We use ResNet-50 (He et al., 2016) to perform all experiments, trained from scratch with the foveated, log-polar representation. We call this LPnet. We compare our results to a "vanilla" ResNet-50 with standard images. Unless otherwise noted, all experiments use the Adam optimizer, an initial learning rate of 1e-4, and a minibatch size of 48.

2.2. DATA

To test the effects of expertise in visual processing, we use four different datasets. To model experts, the first three datasets are images of faces, cars, and dogs, generally mono-oriented objects, with targets at the subordinate level. To model novices, who mainly know basic-level labels, the fourth dataset contains 128 categories with basic-level targets. 124 are ImageNet categories, containing objects that are seen in a variety of orientations in natural scenes. The remaining four are monooriented: faces, cars, houses, and dogs. We randomly chose our sets with a 80/10/10 split. Faces We used a dataset collected by lab members which includes 128 separate identities and approximately 200 example images per identity. The images for each identity portray the person in a variety of contexts, with differing backgrounds, lighting conditions, orientations, and facial expressions. Example images from the dataset are shown in Figure 1A . Subordinate level mono-oriented objects: Cars Cars are an appropriate choice for mono-oriented objects because they are almost exclusively seen upright in natural scenes. "Car" is also a basic level category with a number of sub-classes. Car expertise is associated with discrimination at the level of model, e.g., 2010 Toyota Camry. The dataset used is the Comprehensive Cars dataset (Yang et al., 2015) . These images include cars of a variety of makes, models, and years. The dataset contains 136,726 total images across 163 car makes and 1,716 car models. The cars are of varying orientations, lighting conditions, and backgrounds. Examples of cars from the Comprehensive Cars dataset are shown in Figure 1B . Subordinate level mono-oriented objects: Dogs In the same way that models of cars are subordinates of the category "car", dog breeds are subordinates of the category "dog". We use 117 dog breeds included in ImageNet (Deng et al., 2009) . Like all of ImageNet, these images are highly variable in pose, context, and scale. Because of this we use all available images from ImageNet in these 117 categories. Examples of dogs in the dataset are shown in Figure 1C .

Basic level categories

We use a subset of 124 categories from ImageNet (Deng et al., 2009) which were chosen specifically because they are naturally viewed in multiple orientations, such as "ladle", "screwdriver", or "dumbbell" (Figure 1D ). We avoided categories such as "clock" or "candle" which, although can be oriented multiple ways, are naturally seen primarily in a limited number of orientations. The labels for the stimuli in this category are at the basic level, instead of at the subordinate level as in the previous two datasets (Rosch et al., 1976) . Again, due to the within-category variance, we used all examples in ImageNet in order to achieve acceptable performance.
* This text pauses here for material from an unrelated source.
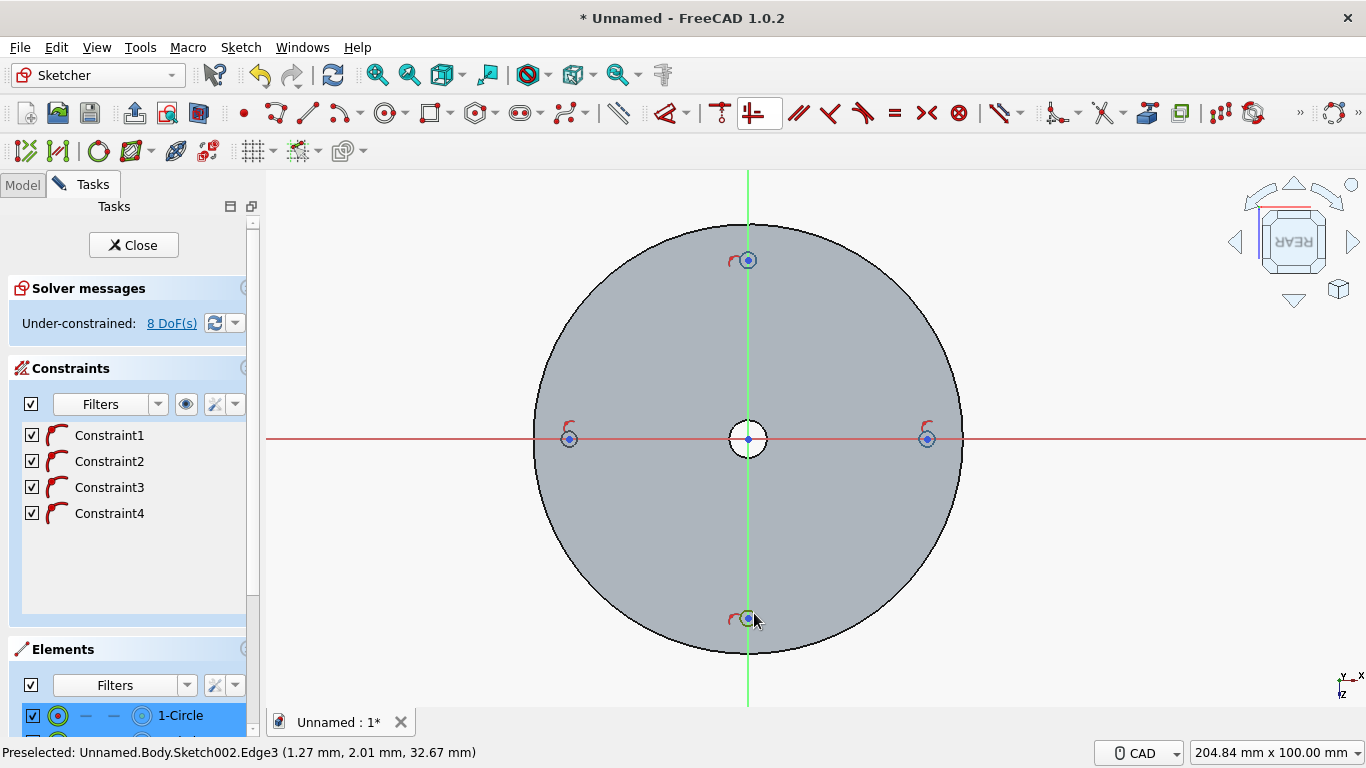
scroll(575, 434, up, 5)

We also included 4 categories (bringing the total number of categories to 128) that are mono-oriented. They are: "face", "car", "dog", and "house". Using these mono-oriented objects in our experiment with basic level categorization allows us to compare how performance changes between experts and novices as visual expertise general increases. We aggregate data from each of the subordinates of "face", "car", and "dog" to get a varied sample of images for these categories. We matched the number of images approximately to the number of images the ImageNet categories included. 

2.3. DATA TRANSFORMATIONS

Cropping We augment our data by performing random cropping on the images. We take four random crops of each image, with each crop including approximately 65% of the pixels in the image. The crops cannot extend past the edge of the image, so none of the crops include any padding. Rotation We randomly rotated our training images to be between -15°and 15°, because scenes may be viewed with some small amount of rotation from the tilting of the viewers own head. To study the effects of inversion in the network, our validation images are shown at 0°and 180°. Foveation For LPNet only, we foveate each crop using the algorithm described in Jiang et al. (2015) . The foveation leaves the center of the crop (the point of fixation) at a high resolution and transforms the periphery to be at a lower resolution. The further a pixel is from the center of the image, the greater the degree of blurring. This mimics the foveation of the retina (Jiang et al., 2015) . Log-polar transform For LPNet only, we further preprocessed our images to create an anatomically-realistic mapping of the visual field onto the visual cortex. Previous work has shown the validity of using log polar transformations as a 2D approximation to the mapping of the visual field onto the visual cortex in primates (Polimeni et al., 2006) and in computational models of facial recognition (Anonymous). For each case of rotation, we first rotated the image and then took the log polar transformation of the image. After the images have undergone a log polar transformation, the changes in degrees of rotation appear as changes in vertical translation. This is in contrast to the shifts that occur when scaled images undergo a log polar transformation, which are in the horizontal direction. This vertical shift causes pixels to "fall off" the edge of V1. Those pixels wrap around to the opposite side of V1. Instead of appearing as a simple translation, changes in rotation in images that have undergone a log polar transformation result in a fundamental rearranging of image components. A visualization of the log polar transform is provided in Figure 2 . All transformations cropping, rotation, and foveation and log-polarization for LPNet are done at the beginning of every epoch. For LPNet, the cropping has a large effect, as the fixation point changes with each crop. To see this, note the difference in the two fixations in Figure 2 .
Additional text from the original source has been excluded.